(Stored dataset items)
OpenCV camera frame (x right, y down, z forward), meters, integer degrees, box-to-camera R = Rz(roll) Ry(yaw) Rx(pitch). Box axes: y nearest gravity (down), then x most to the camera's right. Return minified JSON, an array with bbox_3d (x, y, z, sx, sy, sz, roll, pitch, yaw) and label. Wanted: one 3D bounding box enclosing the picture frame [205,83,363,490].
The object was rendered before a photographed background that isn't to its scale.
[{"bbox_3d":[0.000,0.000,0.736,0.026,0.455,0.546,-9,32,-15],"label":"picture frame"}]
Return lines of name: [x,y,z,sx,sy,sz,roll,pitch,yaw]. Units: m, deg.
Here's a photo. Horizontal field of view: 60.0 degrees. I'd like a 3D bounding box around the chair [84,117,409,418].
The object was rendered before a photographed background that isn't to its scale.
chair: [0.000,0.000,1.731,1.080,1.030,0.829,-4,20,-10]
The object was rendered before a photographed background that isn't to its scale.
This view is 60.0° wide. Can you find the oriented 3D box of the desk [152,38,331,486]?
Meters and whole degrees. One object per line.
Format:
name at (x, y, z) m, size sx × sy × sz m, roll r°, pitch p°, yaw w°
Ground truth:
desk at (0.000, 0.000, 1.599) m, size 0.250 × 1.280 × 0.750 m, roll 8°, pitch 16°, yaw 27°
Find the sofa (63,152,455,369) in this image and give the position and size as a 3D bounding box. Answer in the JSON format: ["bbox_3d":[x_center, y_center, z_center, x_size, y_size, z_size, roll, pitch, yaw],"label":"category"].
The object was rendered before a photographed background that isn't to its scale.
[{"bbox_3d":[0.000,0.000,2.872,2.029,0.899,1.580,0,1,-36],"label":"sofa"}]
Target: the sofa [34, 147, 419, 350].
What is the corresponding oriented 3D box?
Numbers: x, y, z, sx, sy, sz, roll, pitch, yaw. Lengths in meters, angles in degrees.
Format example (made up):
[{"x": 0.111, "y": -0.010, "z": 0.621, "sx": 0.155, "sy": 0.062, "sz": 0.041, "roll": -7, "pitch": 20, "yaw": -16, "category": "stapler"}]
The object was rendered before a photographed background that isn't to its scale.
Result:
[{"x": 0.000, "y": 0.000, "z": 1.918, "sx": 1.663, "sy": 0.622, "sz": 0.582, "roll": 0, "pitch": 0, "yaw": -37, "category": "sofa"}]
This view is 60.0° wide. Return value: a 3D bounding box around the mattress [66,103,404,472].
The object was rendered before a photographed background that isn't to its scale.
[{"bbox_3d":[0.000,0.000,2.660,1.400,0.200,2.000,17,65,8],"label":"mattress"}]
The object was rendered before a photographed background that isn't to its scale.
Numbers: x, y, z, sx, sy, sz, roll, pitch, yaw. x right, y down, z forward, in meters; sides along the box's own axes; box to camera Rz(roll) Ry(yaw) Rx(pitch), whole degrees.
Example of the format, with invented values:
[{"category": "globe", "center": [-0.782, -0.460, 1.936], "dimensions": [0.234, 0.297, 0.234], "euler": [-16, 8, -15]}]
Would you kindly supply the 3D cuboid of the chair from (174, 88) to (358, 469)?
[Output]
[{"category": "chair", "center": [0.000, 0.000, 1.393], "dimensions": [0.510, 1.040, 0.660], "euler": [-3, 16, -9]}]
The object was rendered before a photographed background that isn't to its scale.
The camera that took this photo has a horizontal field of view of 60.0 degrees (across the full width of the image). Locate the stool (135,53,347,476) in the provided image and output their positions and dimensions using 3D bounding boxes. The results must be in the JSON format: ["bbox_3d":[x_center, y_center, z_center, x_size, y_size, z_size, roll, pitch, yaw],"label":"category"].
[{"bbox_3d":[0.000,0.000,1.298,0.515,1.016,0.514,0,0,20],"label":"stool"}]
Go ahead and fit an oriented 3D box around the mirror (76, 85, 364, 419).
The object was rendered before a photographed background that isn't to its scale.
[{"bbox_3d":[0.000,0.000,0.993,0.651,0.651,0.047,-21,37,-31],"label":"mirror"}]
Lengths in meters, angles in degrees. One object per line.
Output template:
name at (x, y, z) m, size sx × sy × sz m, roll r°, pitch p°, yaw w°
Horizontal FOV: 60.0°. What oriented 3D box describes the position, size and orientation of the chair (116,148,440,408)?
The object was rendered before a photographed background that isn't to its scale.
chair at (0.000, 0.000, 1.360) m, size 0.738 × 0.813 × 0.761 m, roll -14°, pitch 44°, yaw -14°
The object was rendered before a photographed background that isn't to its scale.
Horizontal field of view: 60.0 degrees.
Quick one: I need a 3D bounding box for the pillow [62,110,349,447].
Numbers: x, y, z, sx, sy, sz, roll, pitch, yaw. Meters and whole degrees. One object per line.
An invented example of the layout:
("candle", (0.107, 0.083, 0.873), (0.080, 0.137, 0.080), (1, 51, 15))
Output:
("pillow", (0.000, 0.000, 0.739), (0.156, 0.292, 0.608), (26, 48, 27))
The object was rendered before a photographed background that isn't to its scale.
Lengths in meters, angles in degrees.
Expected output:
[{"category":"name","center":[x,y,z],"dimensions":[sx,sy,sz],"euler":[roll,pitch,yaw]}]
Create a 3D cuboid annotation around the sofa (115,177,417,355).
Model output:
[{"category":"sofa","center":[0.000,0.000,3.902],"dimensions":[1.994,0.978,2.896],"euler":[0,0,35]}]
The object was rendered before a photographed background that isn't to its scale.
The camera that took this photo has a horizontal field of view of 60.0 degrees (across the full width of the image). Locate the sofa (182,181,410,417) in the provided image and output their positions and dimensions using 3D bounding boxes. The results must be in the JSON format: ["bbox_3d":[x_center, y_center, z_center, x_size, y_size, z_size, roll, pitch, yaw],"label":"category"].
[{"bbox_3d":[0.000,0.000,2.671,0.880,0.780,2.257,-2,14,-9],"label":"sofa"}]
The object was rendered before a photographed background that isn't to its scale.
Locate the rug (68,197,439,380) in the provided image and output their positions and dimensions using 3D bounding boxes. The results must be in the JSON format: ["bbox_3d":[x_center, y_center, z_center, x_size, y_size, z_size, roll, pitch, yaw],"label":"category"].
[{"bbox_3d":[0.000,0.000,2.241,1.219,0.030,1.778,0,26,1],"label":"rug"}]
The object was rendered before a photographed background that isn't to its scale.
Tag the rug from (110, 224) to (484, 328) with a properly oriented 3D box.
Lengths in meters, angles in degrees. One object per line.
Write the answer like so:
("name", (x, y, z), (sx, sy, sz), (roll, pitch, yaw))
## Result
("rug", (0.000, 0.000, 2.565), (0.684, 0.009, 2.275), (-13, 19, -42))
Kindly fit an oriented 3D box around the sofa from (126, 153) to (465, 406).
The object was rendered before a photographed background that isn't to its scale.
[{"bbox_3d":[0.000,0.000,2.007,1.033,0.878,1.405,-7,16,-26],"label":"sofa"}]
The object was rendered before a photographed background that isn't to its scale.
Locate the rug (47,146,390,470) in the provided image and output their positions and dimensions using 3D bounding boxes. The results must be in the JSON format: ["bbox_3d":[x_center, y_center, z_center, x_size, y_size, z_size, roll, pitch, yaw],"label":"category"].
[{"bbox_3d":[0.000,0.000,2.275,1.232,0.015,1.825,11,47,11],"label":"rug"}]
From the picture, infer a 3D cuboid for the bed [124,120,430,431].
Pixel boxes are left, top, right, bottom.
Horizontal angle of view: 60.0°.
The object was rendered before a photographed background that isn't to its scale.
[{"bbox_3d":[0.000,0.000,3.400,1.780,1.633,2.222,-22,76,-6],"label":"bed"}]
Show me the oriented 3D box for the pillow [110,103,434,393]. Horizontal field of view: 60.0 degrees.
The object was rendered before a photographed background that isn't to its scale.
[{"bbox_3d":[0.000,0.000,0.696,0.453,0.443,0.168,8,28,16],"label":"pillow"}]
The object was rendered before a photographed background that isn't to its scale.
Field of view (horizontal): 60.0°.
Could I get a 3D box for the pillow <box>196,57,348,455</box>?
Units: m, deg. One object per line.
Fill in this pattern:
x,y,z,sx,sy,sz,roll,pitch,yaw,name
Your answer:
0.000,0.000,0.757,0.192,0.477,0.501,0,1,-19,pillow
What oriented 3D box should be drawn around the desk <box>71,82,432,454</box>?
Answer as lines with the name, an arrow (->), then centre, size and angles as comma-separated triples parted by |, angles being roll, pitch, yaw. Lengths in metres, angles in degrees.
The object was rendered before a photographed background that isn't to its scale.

- [Activity] Copy every line of the entries in which "axes" can be found.

- [Task solution]
OpenCV camera frame (x right, y down, z forward), meters, integer degrees, box-to-camera R = Rz(roll) Ry(yaw) Rx(pitch). Box axes: y nearest gravity (down), then x most to the camera's right. Return minified JSON, an array with bbox_3d (x, y, z, sx, sy, sz, roll, pitch, yaw) and label. Wanted: one 3D bounding box enclosing the picture frame [205,83,363,490].
Numbers: x, y, z, sx, sy, sz, roll, pitch, yaw. x right, y down, z forward, in meters; sides along the box's own axes; box to camera Rz(roll) Ry(yaw) Rx(pitch), whole degrees.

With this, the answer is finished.